# ASSIGNMENT
Pictures excluded, retype the lines from the one containing "The image size is (953, 1232)." through the last line of the data below, both included.

# RAW DATA
•••

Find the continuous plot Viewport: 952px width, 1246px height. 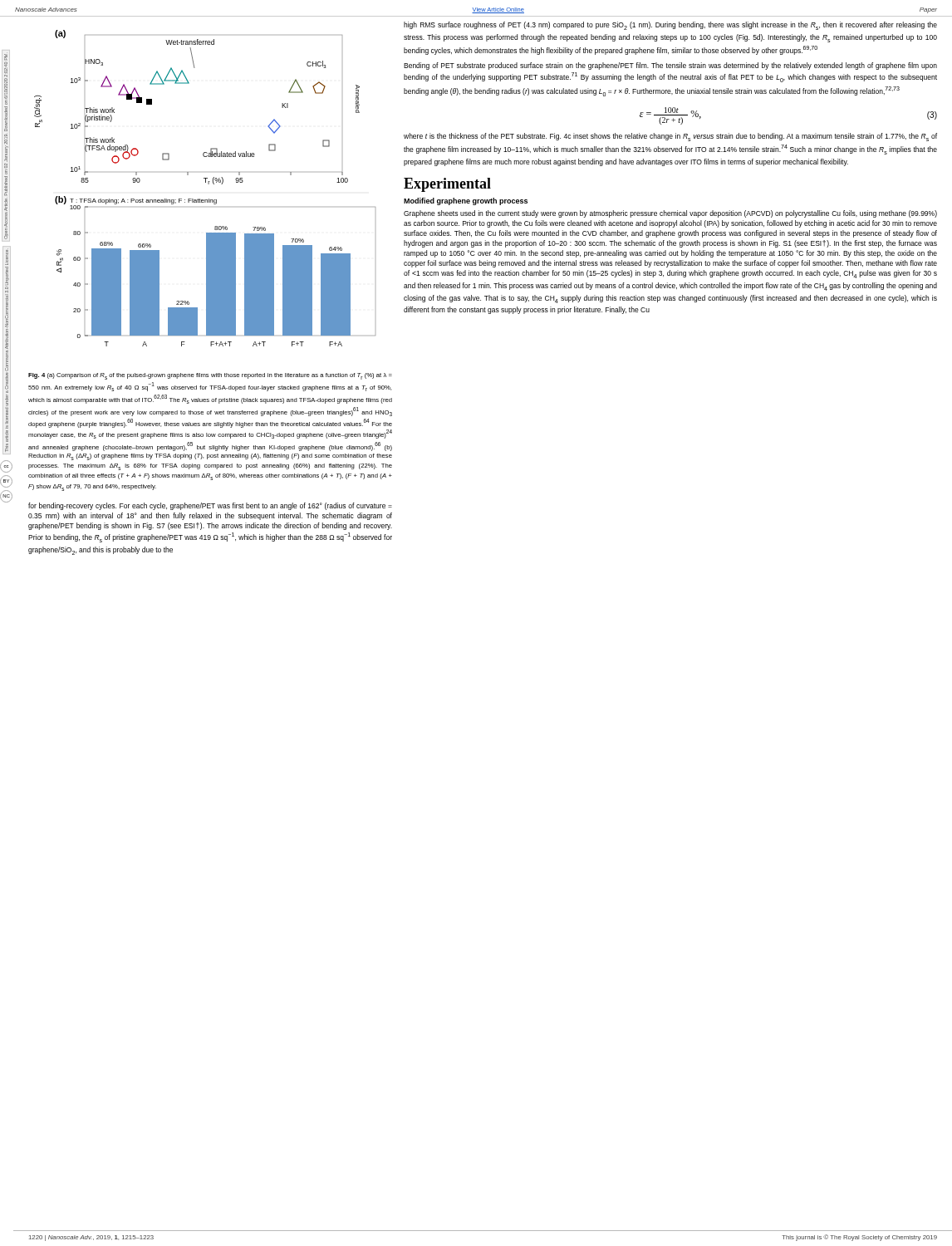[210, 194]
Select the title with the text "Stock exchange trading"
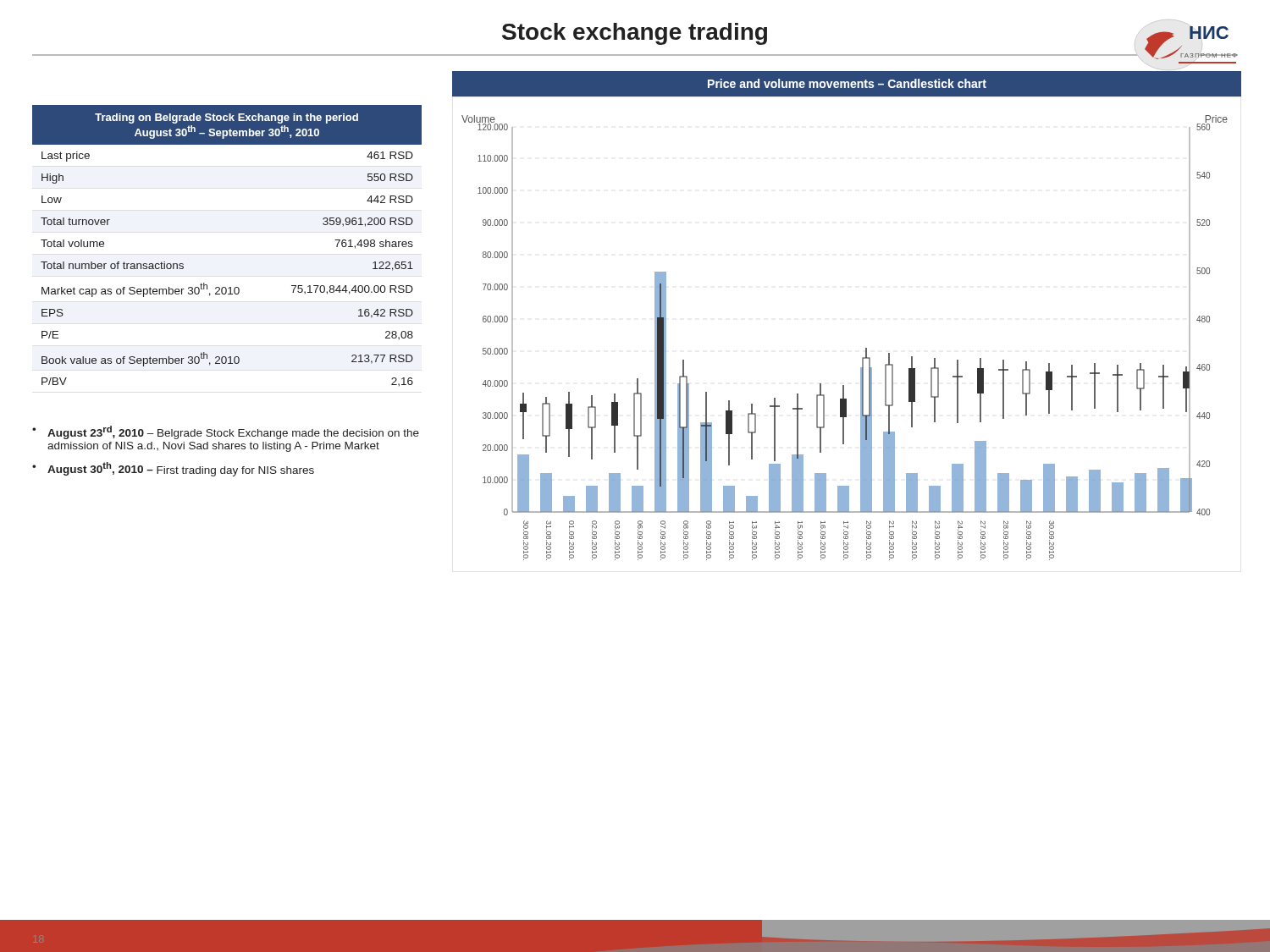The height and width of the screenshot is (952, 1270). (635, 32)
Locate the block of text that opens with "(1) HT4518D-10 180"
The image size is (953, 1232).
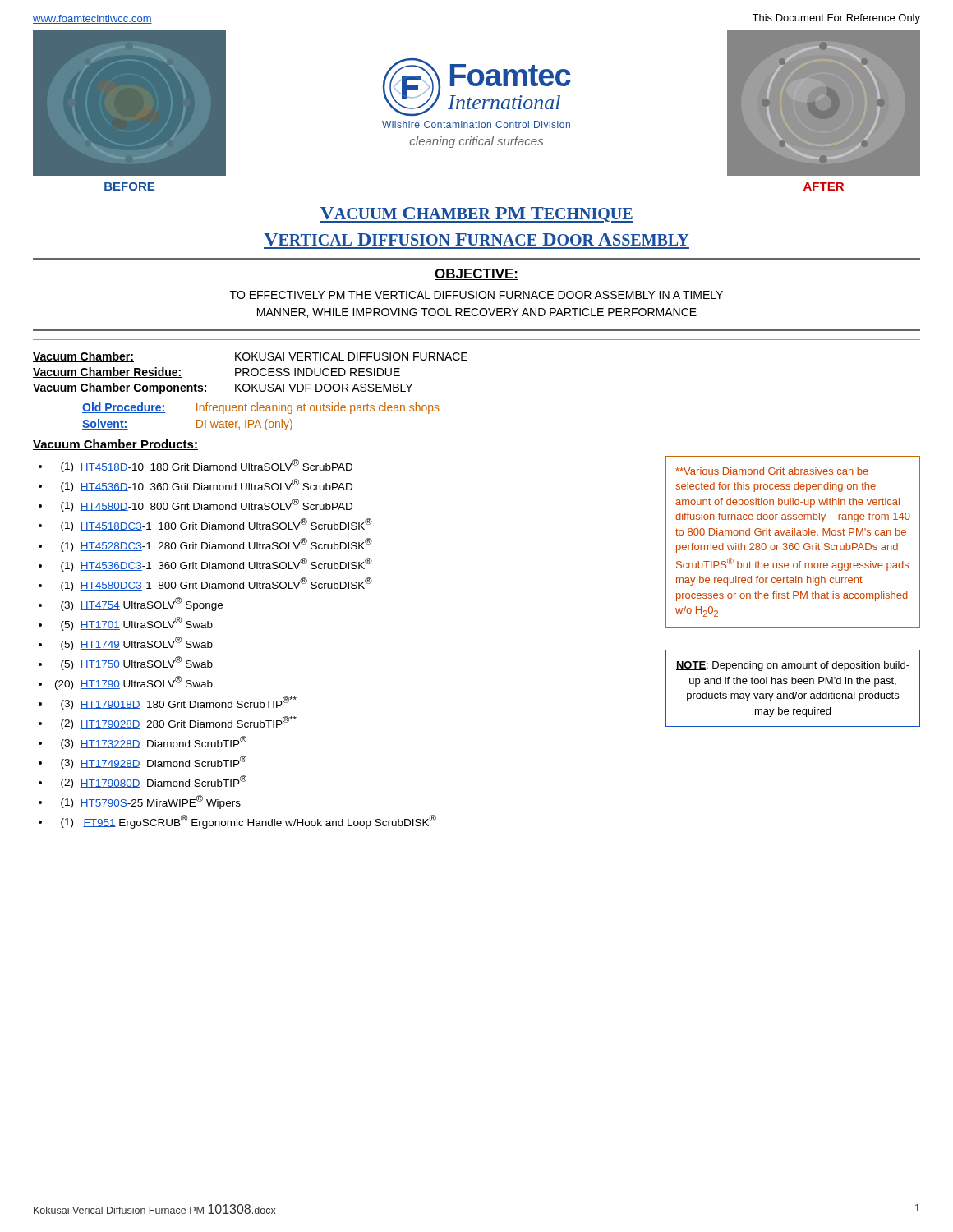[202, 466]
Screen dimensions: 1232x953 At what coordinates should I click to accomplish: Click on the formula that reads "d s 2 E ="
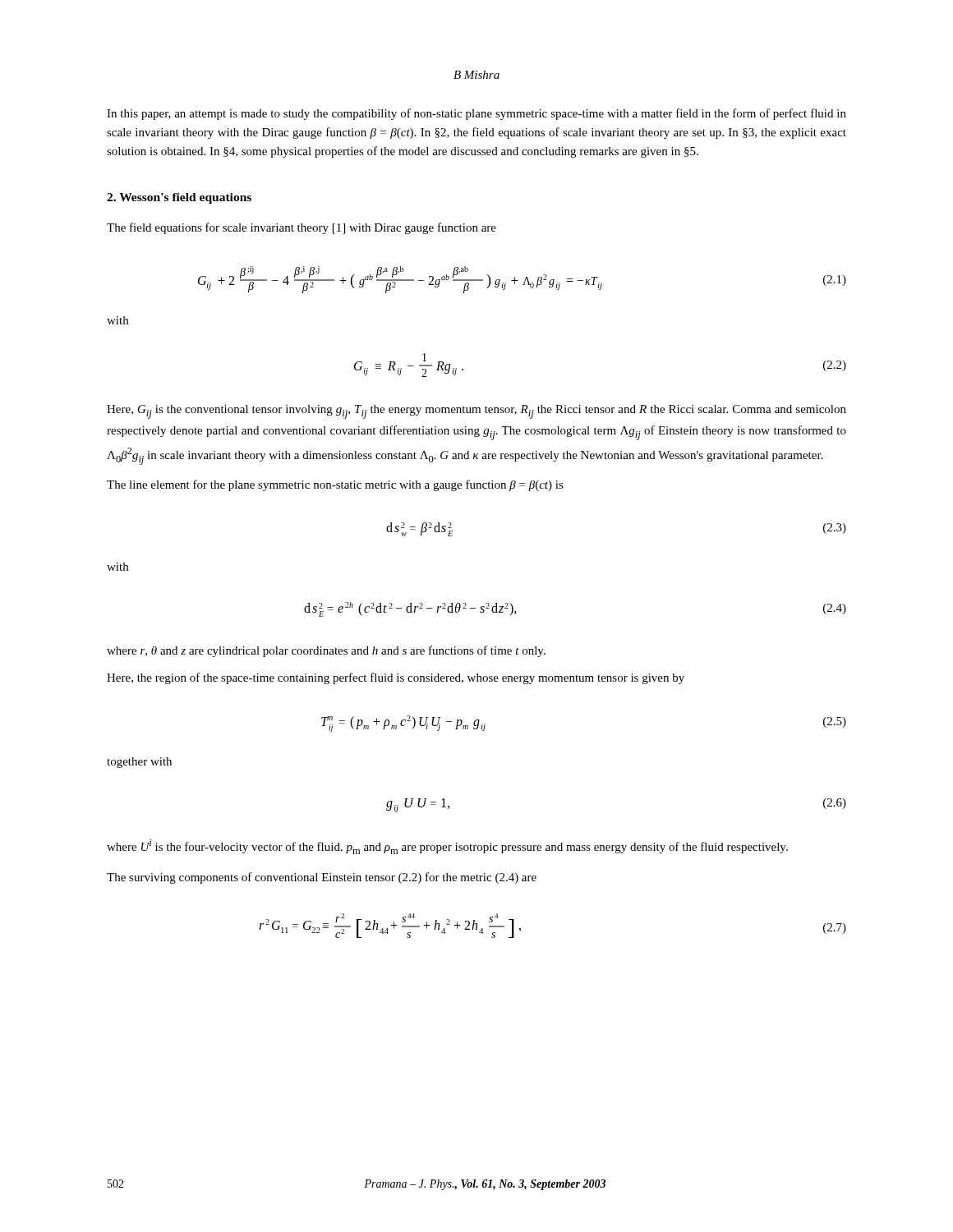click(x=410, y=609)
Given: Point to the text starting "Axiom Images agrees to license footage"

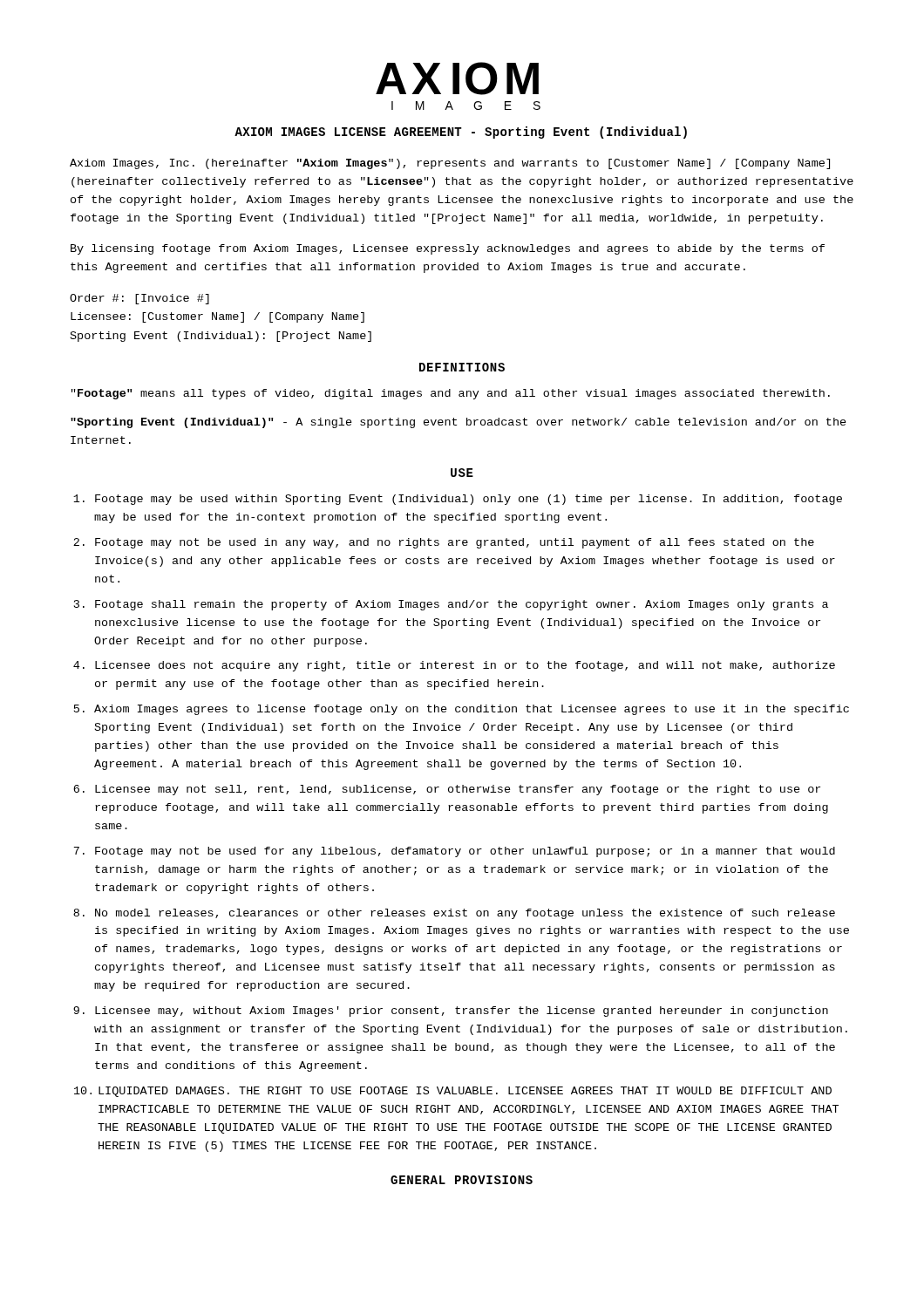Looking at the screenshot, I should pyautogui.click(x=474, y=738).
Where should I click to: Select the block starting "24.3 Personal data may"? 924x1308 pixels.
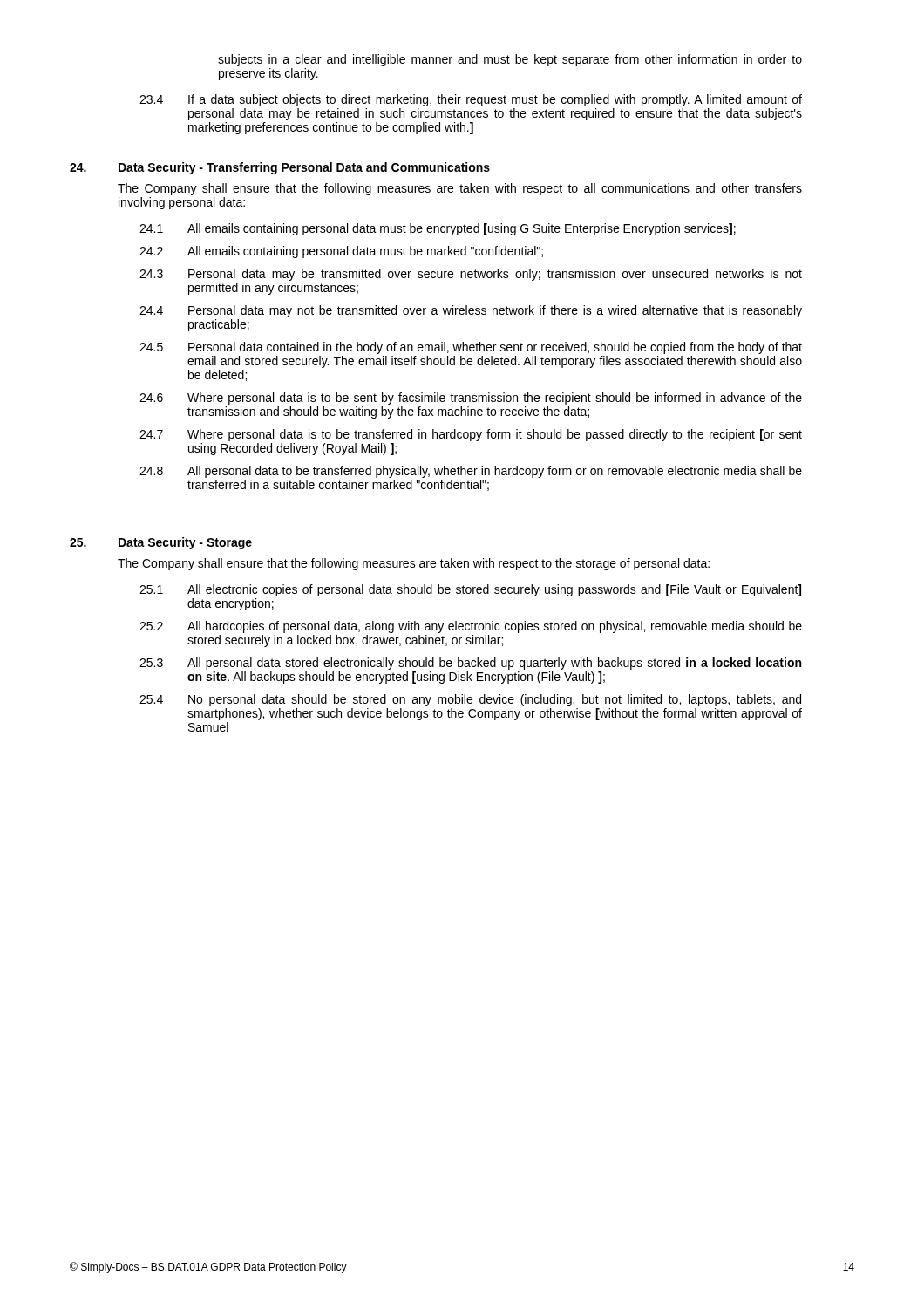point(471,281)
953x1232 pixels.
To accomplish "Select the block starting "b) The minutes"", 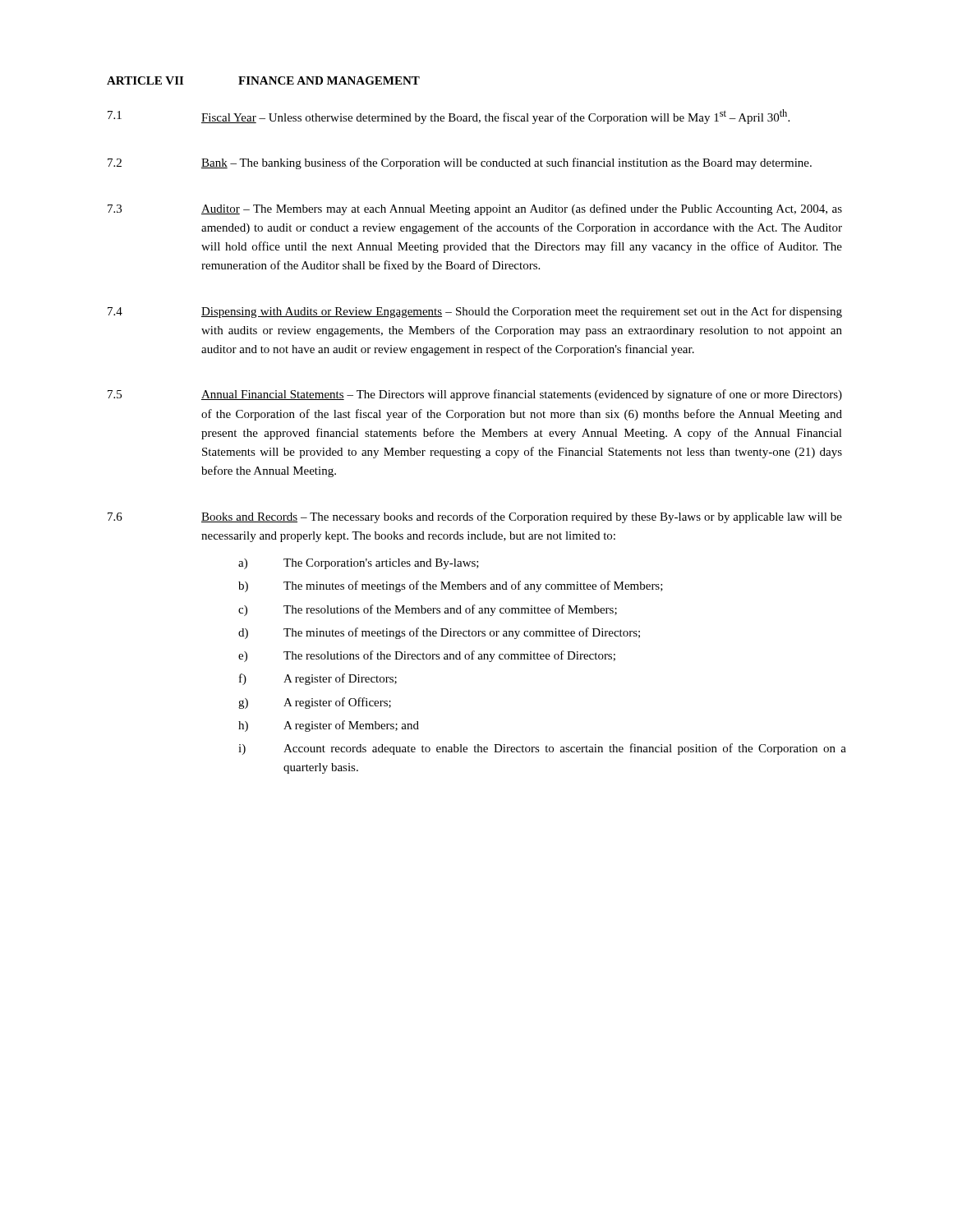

•••

# OUTPUT FOR THIS TASK
The image size is (953, 1232).
[202, 466]
Screen dimensions: 1232x953 At what coordinates should I click to accomplish: Click on the formula that reads "d s 2 E ="
click(x=410, y=609)
Given: Point to the text starting "Axiom Images agrees to license footage"

Looking at the screenshot, I should pyautogui.click(x=474, y=738).
Where should I click to: Select the block starting "24.3 Personal data may"? 924x1308 pixels.
point(471,281)
953x1232 pixels.
To accomplish "Select the block starting "b) The minutes"", 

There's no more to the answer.